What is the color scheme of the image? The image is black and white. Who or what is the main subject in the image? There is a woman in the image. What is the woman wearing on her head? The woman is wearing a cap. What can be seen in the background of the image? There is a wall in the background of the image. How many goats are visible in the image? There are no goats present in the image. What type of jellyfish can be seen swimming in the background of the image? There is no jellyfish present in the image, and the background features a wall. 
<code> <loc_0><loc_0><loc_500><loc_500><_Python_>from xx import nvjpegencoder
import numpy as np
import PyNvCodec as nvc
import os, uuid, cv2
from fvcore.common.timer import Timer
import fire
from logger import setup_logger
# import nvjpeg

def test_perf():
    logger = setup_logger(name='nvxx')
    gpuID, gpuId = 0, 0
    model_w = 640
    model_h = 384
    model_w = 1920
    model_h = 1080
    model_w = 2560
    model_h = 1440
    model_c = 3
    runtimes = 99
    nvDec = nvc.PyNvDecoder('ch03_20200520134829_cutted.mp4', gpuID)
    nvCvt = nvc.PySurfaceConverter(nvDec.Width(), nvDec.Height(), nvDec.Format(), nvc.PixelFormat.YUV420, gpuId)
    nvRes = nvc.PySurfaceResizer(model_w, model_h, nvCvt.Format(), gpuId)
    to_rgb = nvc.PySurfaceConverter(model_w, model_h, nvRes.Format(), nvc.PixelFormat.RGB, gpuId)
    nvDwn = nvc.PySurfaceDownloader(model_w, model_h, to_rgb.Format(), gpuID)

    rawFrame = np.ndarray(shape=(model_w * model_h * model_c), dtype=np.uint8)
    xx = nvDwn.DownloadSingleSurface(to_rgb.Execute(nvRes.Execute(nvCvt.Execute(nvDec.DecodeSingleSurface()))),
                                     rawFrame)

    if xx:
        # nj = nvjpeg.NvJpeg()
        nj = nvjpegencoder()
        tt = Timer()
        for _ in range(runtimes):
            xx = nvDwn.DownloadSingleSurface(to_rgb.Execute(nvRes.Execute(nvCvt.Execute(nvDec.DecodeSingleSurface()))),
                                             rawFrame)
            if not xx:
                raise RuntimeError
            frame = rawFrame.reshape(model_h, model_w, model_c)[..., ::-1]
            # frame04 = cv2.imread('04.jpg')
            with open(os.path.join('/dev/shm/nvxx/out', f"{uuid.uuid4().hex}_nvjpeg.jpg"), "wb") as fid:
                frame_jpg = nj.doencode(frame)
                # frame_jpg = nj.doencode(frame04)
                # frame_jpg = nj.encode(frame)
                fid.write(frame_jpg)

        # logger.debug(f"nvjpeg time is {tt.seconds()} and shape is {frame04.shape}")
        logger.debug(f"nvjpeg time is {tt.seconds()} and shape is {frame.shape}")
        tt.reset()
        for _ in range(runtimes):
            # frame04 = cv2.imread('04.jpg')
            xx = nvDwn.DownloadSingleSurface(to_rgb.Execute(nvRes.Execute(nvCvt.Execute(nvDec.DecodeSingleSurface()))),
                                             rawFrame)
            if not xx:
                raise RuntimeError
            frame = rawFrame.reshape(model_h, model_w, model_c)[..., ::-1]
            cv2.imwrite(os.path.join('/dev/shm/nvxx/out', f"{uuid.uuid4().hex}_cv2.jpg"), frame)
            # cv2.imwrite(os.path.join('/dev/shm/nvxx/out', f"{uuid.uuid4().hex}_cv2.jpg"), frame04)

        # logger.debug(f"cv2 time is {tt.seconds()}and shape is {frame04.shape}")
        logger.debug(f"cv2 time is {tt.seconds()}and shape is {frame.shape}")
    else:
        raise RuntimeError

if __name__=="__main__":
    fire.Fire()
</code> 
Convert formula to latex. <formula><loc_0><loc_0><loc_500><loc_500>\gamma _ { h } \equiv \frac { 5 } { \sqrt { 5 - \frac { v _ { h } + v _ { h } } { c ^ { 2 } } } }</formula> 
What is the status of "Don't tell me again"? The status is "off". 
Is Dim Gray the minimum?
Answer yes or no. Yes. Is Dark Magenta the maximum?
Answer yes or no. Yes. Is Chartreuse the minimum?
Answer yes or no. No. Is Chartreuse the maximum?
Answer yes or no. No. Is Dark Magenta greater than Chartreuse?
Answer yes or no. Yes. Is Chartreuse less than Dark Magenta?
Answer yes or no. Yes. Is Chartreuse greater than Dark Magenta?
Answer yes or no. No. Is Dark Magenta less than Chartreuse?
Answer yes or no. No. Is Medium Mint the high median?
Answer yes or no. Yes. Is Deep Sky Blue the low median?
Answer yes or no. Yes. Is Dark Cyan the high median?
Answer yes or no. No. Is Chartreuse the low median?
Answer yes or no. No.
————————
§ **Directions**
Copy out, from the listing above, every line that contains the word "maximum".

§ **Exercise output**
Answer yes or no. Yes. Is Dark Magenta the maximum?
Answer yes or no. No. Is Chartreuse the maximum?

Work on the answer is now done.